El otro aspecto oscuro de esta catástrofe es el del oro que presuntamente transportaba el paquebote de Pinillos. Se trataría, nada más y nada menos, de once toneladas de dicho metal que se fueron al fondo y jamás fueron recuperados, al menos oficialmente. Existen, por supuesto, diversas hipótesis sobre el origen y destino de dicha enorme fortuna, entre las cuales la de que se trataba de un capital privado destinado a fundar un banco en Buenos Aires o que correspondía al pago del trigo previamente enviado por Argentina, sea a Gran Bretaña sea a la propia España. Pablo Villarrubia recoge estas hipótesis nunca contrastadas fehacientemente pero, curiosamente, se recrea en otra, la más disparatada de todas: que dicho oro pertenecía al gobierno español y estaba destinado a financiar la revolución mejicana de Zapata y Pancho Villa. Imaginar a un gobierno monárquico y liberal-conservador español, por definición no excesivamente sobrado de fondos, financiando con once toneladas de oro una revolución social en Méjico… ¡A eso sí que se le puede llamar un fenómeno paranormal con toda propiedad! Como también se recrea en otra versión aún más alambicada del mismo despropósito, haciendo al malogrado capitán Lotina partícipe activo de la operación. Según este desvarío, Lotina detuvo y fondeó el barco la misma noche del naufragio, en medio de un temporal, con poca visibilidad y en una zona peligrosa (“La cadena de proa del barco había sido lanzada al mar”, leemos en el libro) ¡para trasbordar unos pesados cofres conteniendo el oro a otra embarcación que los debería llevar a Méjico! Operación de trasbordo y parada del buque que, curiosamente, ninguno de los supervivientes detectó ni mencionó jamás y que resulta absolutamente inverosímil para cualquier profesional náutico.

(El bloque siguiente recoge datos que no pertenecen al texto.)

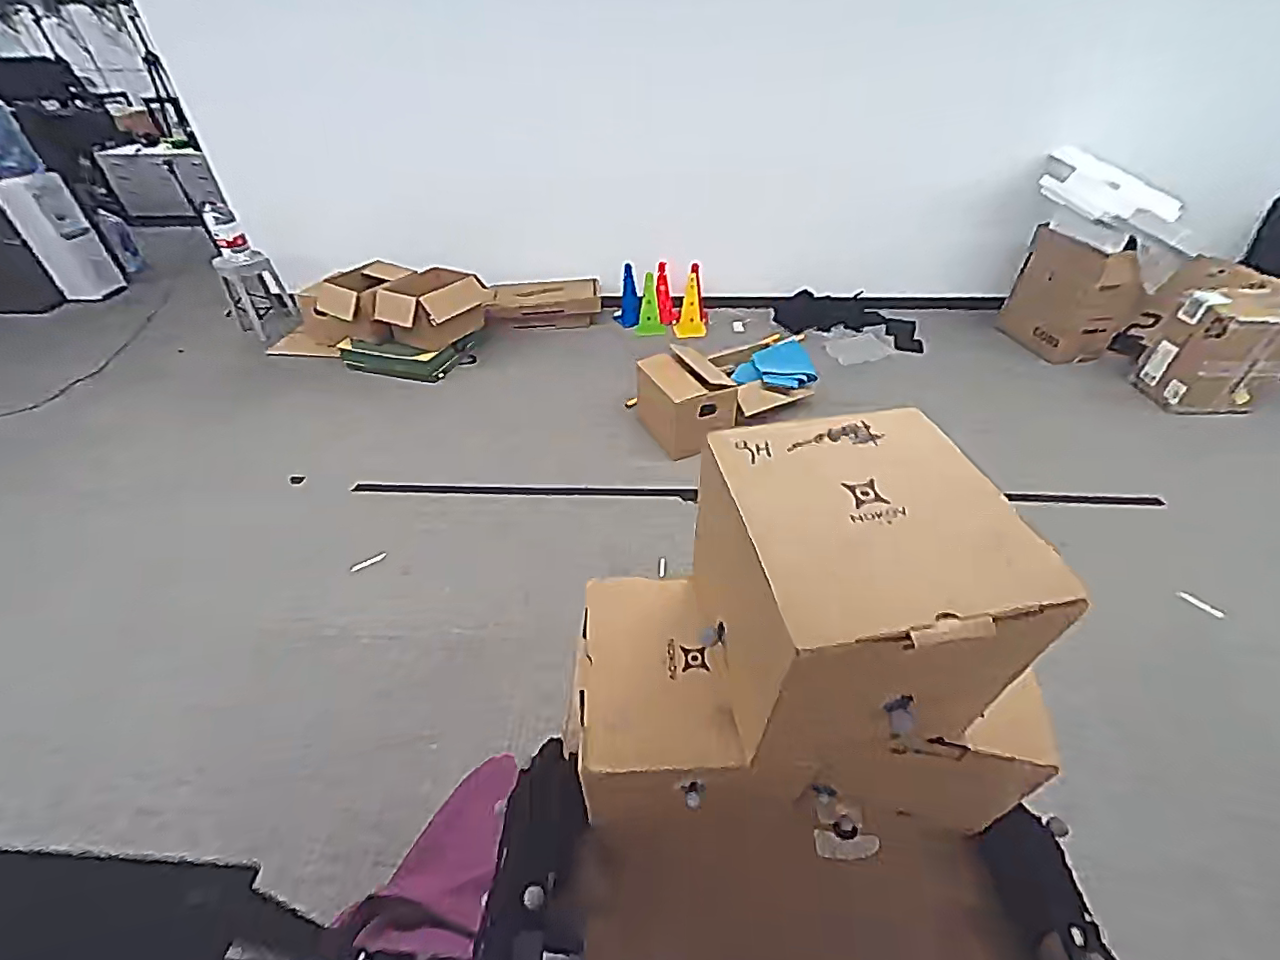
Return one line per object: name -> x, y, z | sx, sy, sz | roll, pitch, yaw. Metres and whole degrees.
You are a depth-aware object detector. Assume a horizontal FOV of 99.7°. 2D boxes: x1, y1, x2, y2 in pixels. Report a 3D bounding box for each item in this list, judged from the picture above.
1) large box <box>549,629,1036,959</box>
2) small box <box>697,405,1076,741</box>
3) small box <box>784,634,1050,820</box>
large box -> 0.123, 0.397, 0.642 | 0.408, 0.320, 0.320 | 2, 44, 1
small box -> 0.143, 0.070, 0.395 | 0.168, 0.176, 0.179 | -7, 44, -7
small box -> 0.235, 0.185, 0.509 | 0.168, 0.176, 0.179 | 10, 43, 12
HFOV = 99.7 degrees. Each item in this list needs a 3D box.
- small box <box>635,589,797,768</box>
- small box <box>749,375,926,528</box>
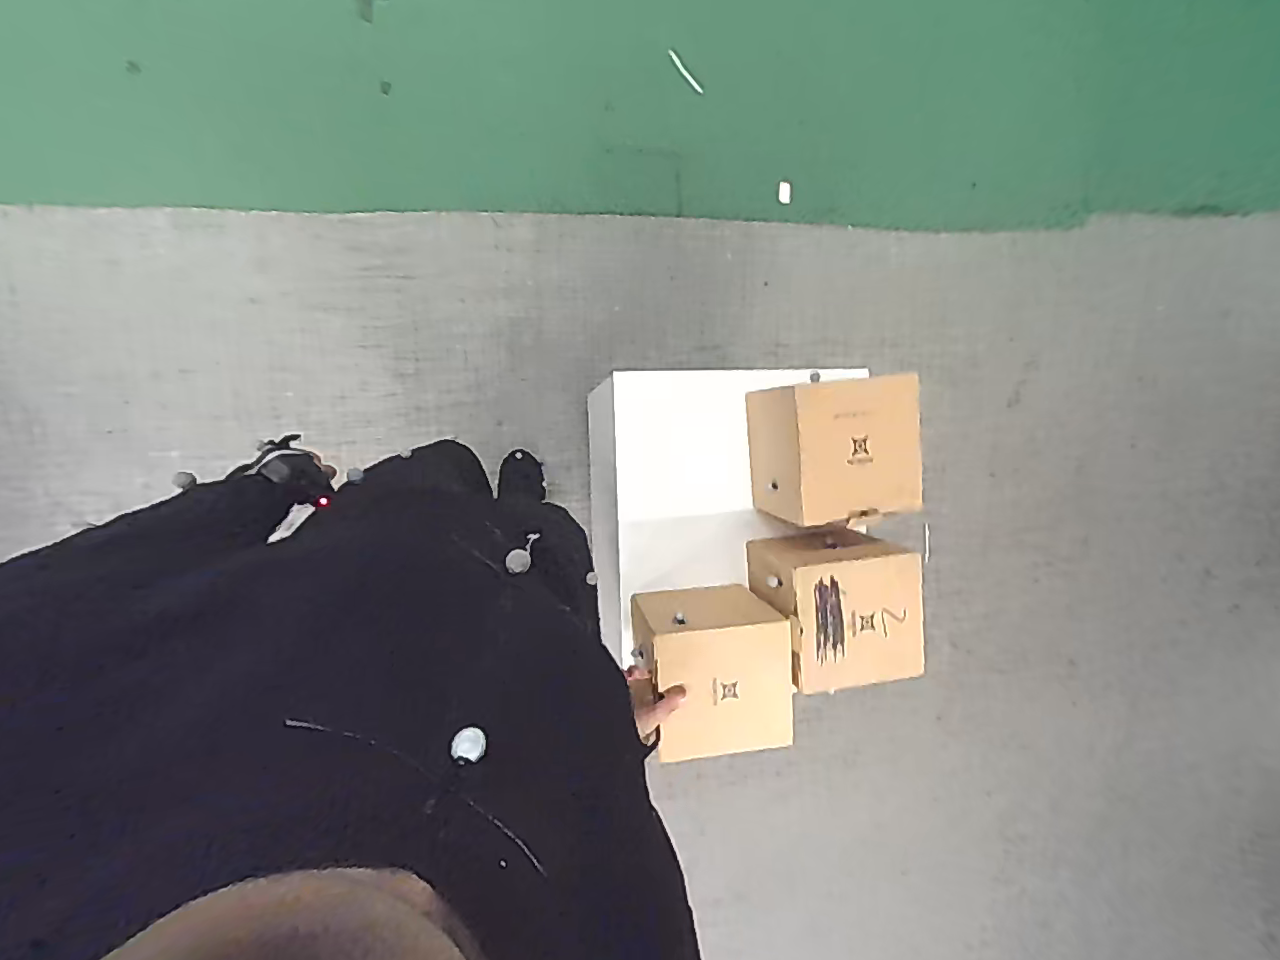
[{"bbox_3d":[0.095,0.254,0.735,0.179,0.176,0.168,-4,96,-9],"label":"small box"},{"bbox_3d":[0.258,-0.043,0.736,0.168,0.176,0.179,-7,96,-10],"label":"small box"}]
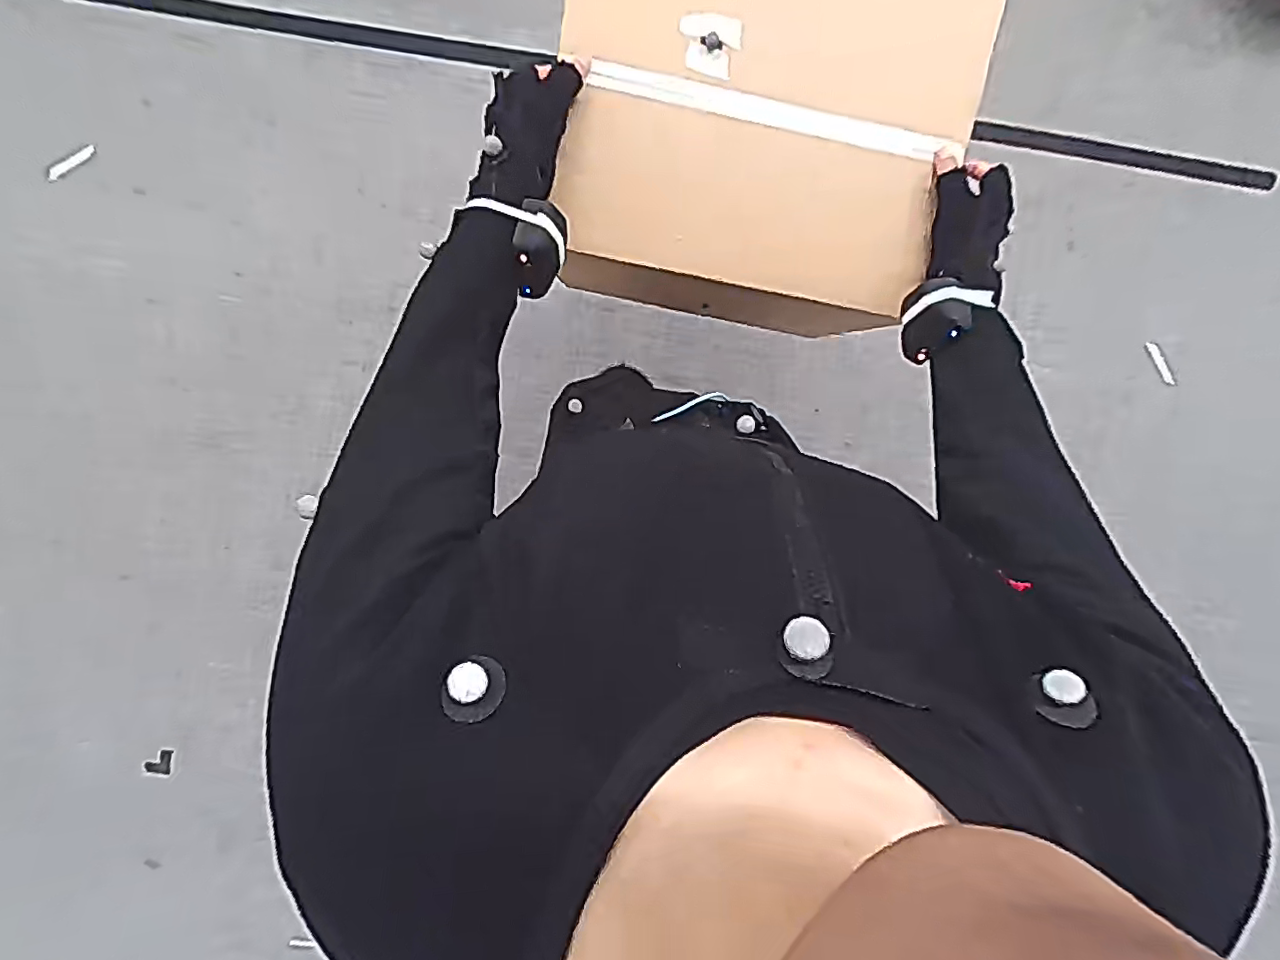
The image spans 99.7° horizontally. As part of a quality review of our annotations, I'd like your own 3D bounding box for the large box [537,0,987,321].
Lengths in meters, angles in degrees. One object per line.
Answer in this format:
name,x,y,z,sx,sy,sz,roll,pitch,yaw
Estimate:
large box,0.112,-0.395,0.674,0.408,0.320,0.320,10,101,-4

Descartada cualquier labor seria de investigación, el libro “1916: el Titanic español. La historia oculta del naufragio del Príncipe de Asturias” queda reducido a una obra con dos partes claramente diferenciadas: una primera, que apenas abarca la mitad de sus aproximadamente 300 páginas, donde se describe la historia y características técnicas del buque, se relata el naufragio del mismo con arreglo al testimonio de los supervivientes y se dan reseñas biográficas tanto de algunas de las víctimas como de algunas de las personas salvadas. En una segunda parte de similar extensión, ya sin disfraces ni tapujos, se entra en lo que al autor realmente interesa, o sea los presuntos fenómenos paranormales, avistamientos de Ovnis, prácticas de brujería, historias de supuestos tesoros ocultos de corsarios y temas semejantes pseudo científicos que hayan podido tener como escenario la isla de Ilhabela y cercana tierra firme, todo ello salpimentado con algunos tópicos de baratillo sobre los indígenas. No vamos a perder ni un minuto en comentar esta segunda parte, pero sí señalar —como detalle entre curioso y grotesco— que el autor intenta “vendernos” una Ilhabela actual todavía misteriosa, esotérica y salvaje, una especie de “terra ignota” (literalmente, se la cita como “isla maldita”) reto de intrépidos aventureros como él, mientras que una simple consulta a Internet nos permite constatar que se trata de un boyante “resort” turístico brasileño con más de 200 establecimientos hoteleros anunciados en Booking.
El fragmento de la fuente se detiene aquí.